« Un uomo di meno » un exceptionnel moment de partage
JEAN-MARIE WYNANTS
jeudi 24 mai 2012, 10:29
Une reprise exceptionnelle pour un spectacle inclassable. Jacques Delcuvellerie retrace son parcours tout autant que celui de l'être humain. Un marathon scénique bouleversant où le rire et les larmes nous interrogent sans cesse.
Un ange trinque avec une nurse tandis que Jacques Delcuvellerie retrouve le fantôme de sa mère © Lou Hérion
Lentement, tranquillement, ils quittent la longue table autour de laquelle ils devisaient depuis notre arrivée dans la salle. Les uns disparaissent à notre regard, les autres rejoignent l'avant-scène, venant à la rencontre du public qui les attend.

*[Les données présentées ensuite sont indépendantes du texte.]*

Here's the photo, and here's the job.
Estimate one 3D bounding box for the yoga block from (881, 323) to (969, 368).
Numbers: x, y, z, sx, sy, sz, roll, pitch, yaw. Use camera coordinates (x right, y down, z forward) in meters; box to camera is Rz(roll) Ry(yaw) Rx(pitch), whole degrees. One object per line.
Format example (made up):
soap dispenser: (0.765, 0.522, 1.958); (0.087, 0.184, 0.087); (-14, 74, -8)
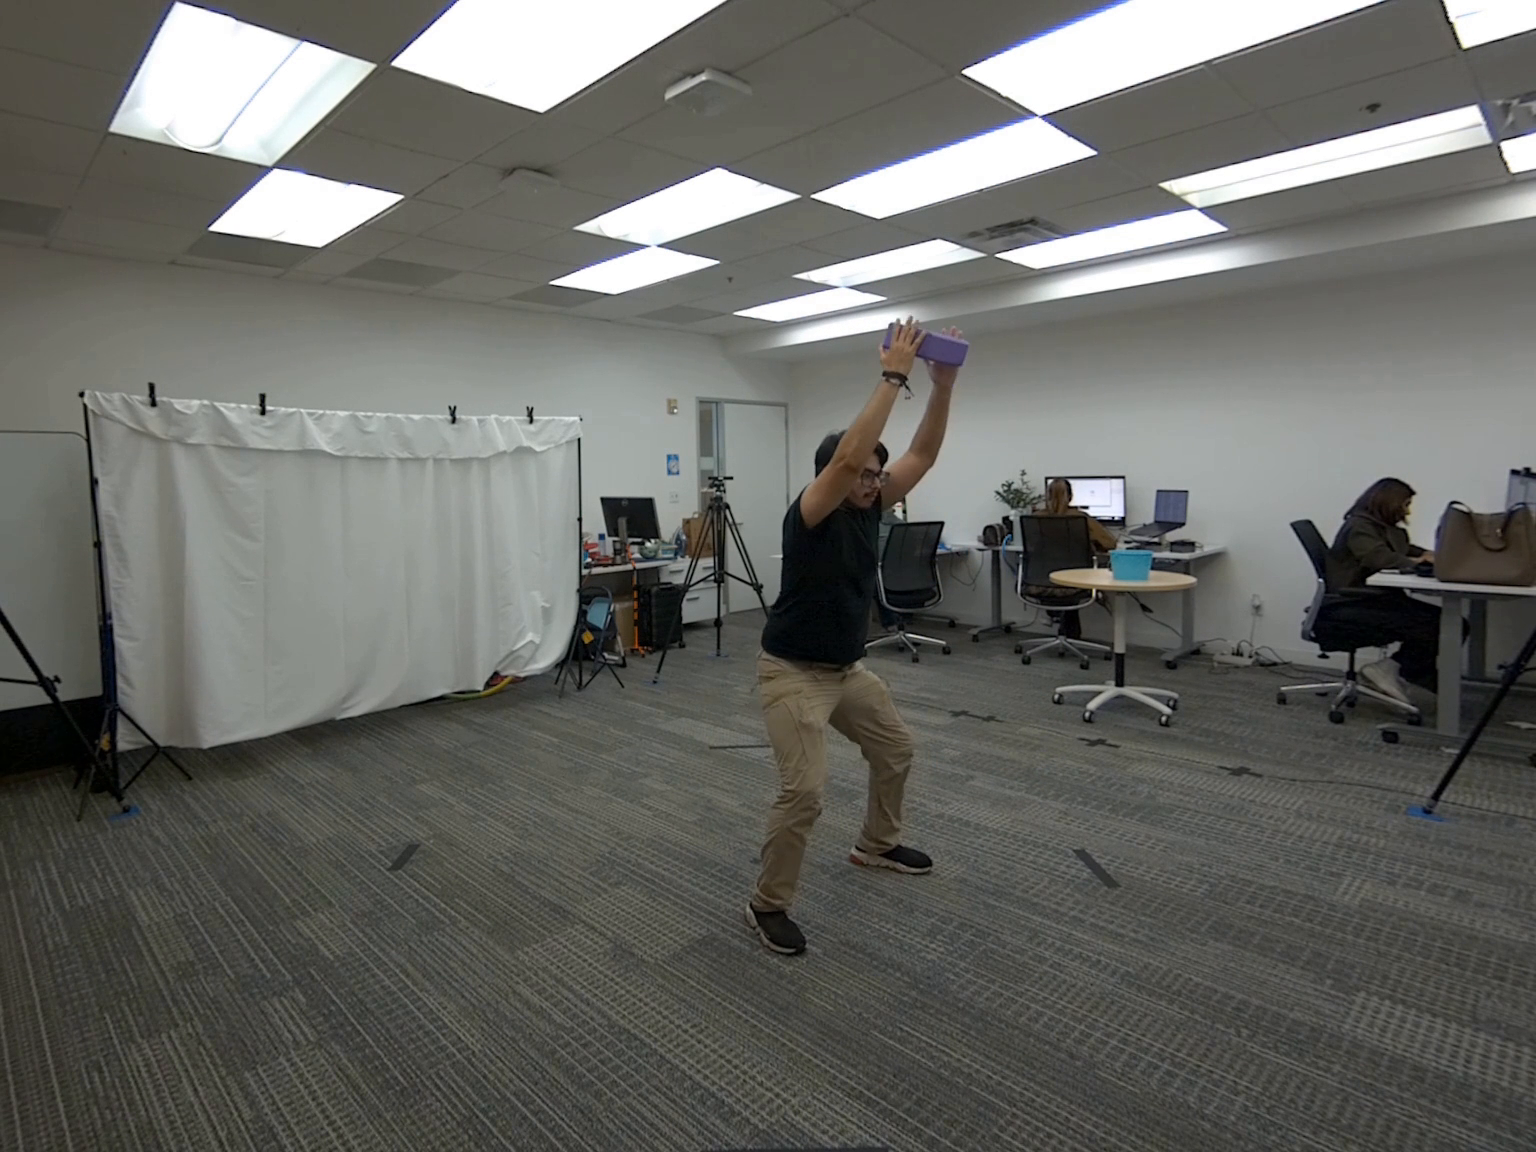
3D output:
yoga block: (0.457, -0.667, 2.464); (0.155, 0.075, 0.223); (31, 24, 37)

Des êtres humains face à d'autres êtres humains.
Parmi ces derniers : Jacques Delcuvellerie et Alexandre Trocki. Les deux faces d'un même homme répondant à un nom cousu de fil blanc : Jacques Delui. Une sorte de double du metteur en scène qui tout au long de ce spectacle unique en son genre va payer de sa personne, parler de lui, du théâtre, de ses drames, de ses joies, de ses peurs, de ses révoltes. Mais ce qui pourrait n'être qu'une sorte de long testament nombriliste évite magistralement cet écueil car dans le miroir que se tend Jacques Delui, c'est notre propre visage que l'on reconnaît. Celui d'un monde, d'une époque.

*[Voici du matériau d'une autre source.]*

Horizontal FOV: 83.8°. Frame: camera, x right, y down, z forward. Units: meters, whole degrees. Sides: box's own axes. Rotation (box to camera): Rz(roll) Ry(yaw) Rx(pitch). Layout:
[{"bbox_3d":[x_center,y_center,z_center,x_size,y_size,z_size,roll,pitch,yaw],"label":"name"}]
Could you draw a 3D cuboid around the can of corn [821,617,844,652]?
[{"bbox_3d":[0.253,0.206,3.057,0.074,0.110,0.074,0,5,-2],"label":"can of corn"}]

Un uomo di meno parle autant de la possible disparition de l'espèce humaine que d'un créateur qui, avec le Groupov, bouleversa la pratique théâtrale dans notre pays. « Si on peut trouver dans le spectacle une sorte de bilan d'un parcours, le personnage principal n'emprunte mon propre itinéraire que jusqu'à un certain point », explique Jacques Delcuvellerie. C'est ce qui en fait l'originalité et la formidable richesse.
En faisant porter son personnage de fiction par un autre comédien, il met en évidence les innombrables contradictions qui parfois nous déchirent et rendent nos actes incompréhensibles aux yeux des autres. Ici, les deux Jacques dialoguent, se confortent ou se disputent âprement, l'acteur allant jusqu'à vouloir prendre le pouvoir au metteur en scène puisqu'après tout, c'est lui qui l'incarne sur le plateau.
Un uomo di meno est un spectacle long : sept heures. Sept heures où de vraies gens, en chair et en os, de part et d'autre du plateau, partagent une expérience, un voyage, des questionnements, des souffrances, des rires, des espérances. Sept heures où l'intelligence et le sensible sont convoqués à part égale. Sept heures où, malgré la violence terrible de certains moments et la terrifiante inconscience dans laquelle nous vivons, on se dit qu'il reste une lueur d'espoir puisque cela a lieu. Sept heures gagnées sur la mort. Sept heures où l'on se dit que, malgré tout, le « vivre ensemble » est encore possible.
Nous sommes vivants
Ce spectacle nous rappelle d'emblée deux choses essentielles : nous sommes vivants et nous sommes mortels. Et il nous invite dans la foulée à un formidable voyage au centre de l'humain. On y passe par tous les genres de spectacle possible : récit, témoignages filmés, théâtre d'ombres, moments de pure fiction, reconstitution rêvée d'épisodes du passé. On y chante énormément. Des anges déboulent, les ailes marquées du marteau et de la faucille. Pasolini, Brecht, Sade sont parmi nous, tout comme un nain shakespearien, le fantôme de la mère, Nursy l'infirmière sexy
Ce spectacle exceptionnel par sa durée, l'est aussi par le nombre de comédiens sur scène, la complexité de la scénographie. Autant dire qu'on ne risque pas de le revoir souvent. Il faut donc se précipiter au Théâtre de la Place à Liège qui le reprend dès vendredi soir.
Du 25 mai au 3 juin au Théâtre de la Place à Liège, www.theatredelaplace.be, 04-342.00.00.